Directions -
Once you have read the entries below, give them all again without any difference.

The data -
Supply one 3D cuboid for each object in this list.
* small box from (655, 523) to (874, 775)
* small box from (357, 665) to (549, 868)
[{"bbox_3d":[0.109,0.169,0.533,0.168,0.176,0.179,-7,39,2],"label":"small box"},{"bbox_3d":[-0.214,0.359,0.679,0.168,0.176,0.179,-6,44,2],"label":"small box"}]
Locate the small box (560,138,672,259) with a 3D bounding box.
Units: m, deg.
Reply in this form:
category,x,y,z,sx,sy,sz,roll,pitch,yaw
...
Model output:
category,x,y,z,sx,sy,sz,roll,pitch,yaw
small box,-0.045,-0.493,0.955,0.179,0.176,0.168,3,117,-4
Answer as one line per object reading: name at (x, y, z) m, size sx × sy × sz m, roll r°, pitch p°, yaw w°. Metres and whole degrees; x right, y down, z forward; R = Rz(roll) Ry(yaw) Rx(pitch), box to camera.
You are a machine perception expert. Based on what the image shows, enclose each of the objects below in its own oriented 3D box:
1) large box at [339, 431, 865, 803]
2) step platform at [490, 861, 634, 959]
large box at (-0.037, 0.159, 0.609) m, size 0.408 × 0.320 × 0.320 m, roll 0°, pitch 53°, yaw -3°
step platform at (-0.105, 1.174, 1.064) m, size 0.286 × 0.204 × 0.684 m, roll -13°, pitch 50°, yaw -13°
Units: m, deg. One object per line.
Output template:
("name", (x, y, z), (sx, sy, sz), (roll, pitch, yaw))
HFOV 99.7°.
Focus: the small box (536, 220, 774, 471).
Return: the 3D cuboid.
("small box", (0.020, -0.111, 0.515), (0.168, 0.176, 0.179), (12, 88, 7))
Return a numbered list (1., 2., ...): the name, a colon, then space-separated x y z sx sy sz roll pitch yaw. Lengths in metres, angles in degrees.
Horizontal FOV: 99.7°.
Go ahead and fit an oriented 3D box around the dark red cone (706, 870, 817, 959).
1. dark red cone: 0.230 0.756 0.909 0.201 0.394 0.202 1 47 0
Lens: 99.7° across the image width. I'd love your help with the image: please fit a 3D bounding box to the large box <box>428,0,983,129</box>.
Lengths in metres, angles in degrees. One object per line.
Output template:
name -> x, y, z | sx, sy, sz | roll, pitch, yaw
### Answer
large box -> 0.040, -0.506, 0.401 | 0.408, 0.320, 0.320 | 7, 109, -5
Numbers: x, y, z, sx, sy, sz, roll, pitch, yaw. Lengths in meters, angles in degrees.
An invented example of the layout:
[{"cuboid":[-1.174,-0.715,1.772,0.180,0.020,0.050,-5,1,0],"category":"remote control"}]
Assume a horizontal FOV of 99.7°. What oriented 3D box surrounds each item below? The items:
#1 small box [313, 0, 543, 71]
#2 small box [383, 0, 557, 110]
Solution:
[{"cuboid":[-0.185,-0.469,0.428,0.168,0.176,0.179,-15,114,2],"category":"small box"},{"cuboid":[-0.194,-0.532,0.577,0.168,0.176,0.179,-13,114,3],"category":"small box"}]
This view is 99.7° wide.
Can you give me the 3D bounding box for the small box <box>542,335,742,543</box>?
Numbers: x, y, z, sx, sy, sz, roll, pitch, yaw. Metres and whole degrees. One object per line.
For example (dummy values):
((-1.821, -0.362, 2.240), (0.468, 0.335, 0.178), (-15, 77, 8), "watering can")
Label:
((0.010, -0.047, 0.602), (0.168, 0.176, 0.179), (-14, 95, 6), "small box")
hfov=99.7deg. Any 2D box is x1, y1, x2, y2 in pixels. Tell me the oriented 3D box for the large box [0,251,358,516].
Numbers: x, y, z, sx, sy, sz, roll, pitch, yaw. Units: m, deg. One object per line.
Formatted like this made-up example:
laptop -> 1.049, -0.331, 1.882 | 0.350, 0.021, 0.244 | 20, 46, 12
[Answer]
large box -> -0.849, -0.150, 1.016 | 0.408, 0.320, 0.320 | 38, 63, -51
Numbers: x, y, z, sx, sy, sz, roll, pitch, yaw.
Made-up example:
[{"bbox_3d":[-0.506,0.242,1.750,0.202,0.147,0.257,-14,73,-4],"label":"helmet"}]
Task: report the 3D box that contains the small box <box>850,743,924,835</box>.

Solution for this problem -
Supply one 3D cuboid for each object in this list.
* small box from (655, 523) to (874, 775)
* small box from (357, 665) to (549, 868)
[{"bbox_3d":[0.109,0.169,0.533,0.168,0.176,0.179,-7,39,2],"label":"small box"},{"bbox_3d":[-0.214,0.359,0.679,0.168,0.176,0.179,-6,44,2],"label":"small box"}]
Locate the small box (560,138,672,259) with a 3D bounding box.
Units: m, deg.
Reply in this form:
category,x,y,z,sx,sy,sz,roll,pitch,yaw
...
Model output:
category,x,y,z,sx,sy,sz,roll,pitch,yaw
small box,-0.045,-0.493,0.955,0.179,0.176,0.168,3,117,-4
Answer as one line per object reading: name at (x, y, z) m, size sx × sy × sz m, roll r°, pitch p°, yaw w°. Metres and whole degrees; x right, y down, z forward; R = Rz(roll) Ry(yaw) Rx(pitch), box to camera.
You are a machine perception expert. Based on what the image shows, enclose each of the objects below in its own oriented 3D box:
1) large box at [339, 431, 865, 803]
2) step platform at [490, 861, 634, 959]
large box at (-0.037, 0.159, 0.609) m, size 0.408 × 0.320 × 0.320 m, roll 0°, pitch 53°, yaw -3°
step platform at (-0.105, 1.174, 1.064) m, size 0.286 × 0.204 × 0.684 m, roll -13°, pitch 50°, yaw -13°
Units: m, deg. One object per line.
Output template:
("name", (x, y, z), (sx, sy, sz), (roll, pitch, yaw))
HFOV 99.7°.
Focus: the small box (536, 220, 774, 471).
Return: the 3D cuboid.
("small box", (0.020, -0.111, 0.515), (0.168, 0.176, 0.179), (12, 88, 7))
Return a numbered list (1., 2., ...): the name, a colon, then space-separated x y z sx sy sz roll pitch yaw. Lengths in metres, angles in degrees.
Horizontal FOV: 99.7°.
Go ahead and fit an oriented 3D box around the dark red cone (706, 870, 817, 959).
1. dark red cone: 0.230 0.756 0.909 0.201 0.394 0.202 1 47 0
Lens: 99.7° across the image width. I'd love your help with the image: please fit a 3D bounding box to the large box <box>428,0,983,129</box>.
Lengths in metres, angles in degrees. One object per line.
Output template:
name -> x, y, z | sx, sy, sz | roll, pitch, yaw
### Answer
large box -> 0.040, -0.506, 0.401 | 0.408, 0.320, 0.320 | 7, 109, -5
Numbers: x, y, z, sx, sy, sz, roll, pitch, yaw. Lengths in meters, angles in degrees.
An invented example of the layout:
[{"cuboid":[-1.174,-0.715,1.772,0.180,0.020,0.050,-5,1,0],"category":"remote control"}]
Assume a horizontal FOV of 99.7°. What oriented 3D box surrounds each item below? The items:
#1 small box [313, 0, 543, 71]
#2 small box [383, 0, 557, 110]
Solution:
[{"cuboid":[-0.185,-0.469,0.428,0.168,0.176,0.179,-15,114,2],"category":"small box"},{"cuboid":[-0.194,-0.532,0.577,0.168,0.176,0.179,-13,114,3],"category":"small box"}]
This view is 99.7° wide.
Can you give me the 3D bounding box for the small box <box>542,335,742,543</box>?
Numbers: x, y, z, sx, sy, sz, roll, pitch, yaw. Metres and whole degrees. One object per line.
For example (dummy values):
((-1.821, -0.362, 2.240), (0.468, 0.335, 0.178), (-15, 77, 8), "watering can")
Label:
((0.010, -0.047, 0.602), (0.168, 0.176, 0.179), (-14, 95, 6), "small box")
hfov=99.7deg. Any 2D box is x1, y1, x2, y2 in pixels. Tell me the oriented 3D box for the large box [0,251,358,516].
Numbers: x, y, z, sx, sy, sz, roll, pitch, yaw. Units: m, deg. One object per line.
Formatted like this made-up example:
laptop -> 1.049, -0.331, 1.882 | 0.350, 0.021, 0.244 | 20, 46, 12
[Answer]
large box -> -0.849, -0.150, 1.016 | 0.408, 0.320, 0.320 | 38, 63, -51
Numbers: x, y, z, sx, sy, sz, roll, pitch, yaw.
Made-up example:
[{"bbox_3d":[-0.506,0.242,1.750,0.202,0.147,0.257,-14,73,-4],"label":"helmet"}]
Task: report the 3D box that contains the small box <box>850,743,924,835</box>.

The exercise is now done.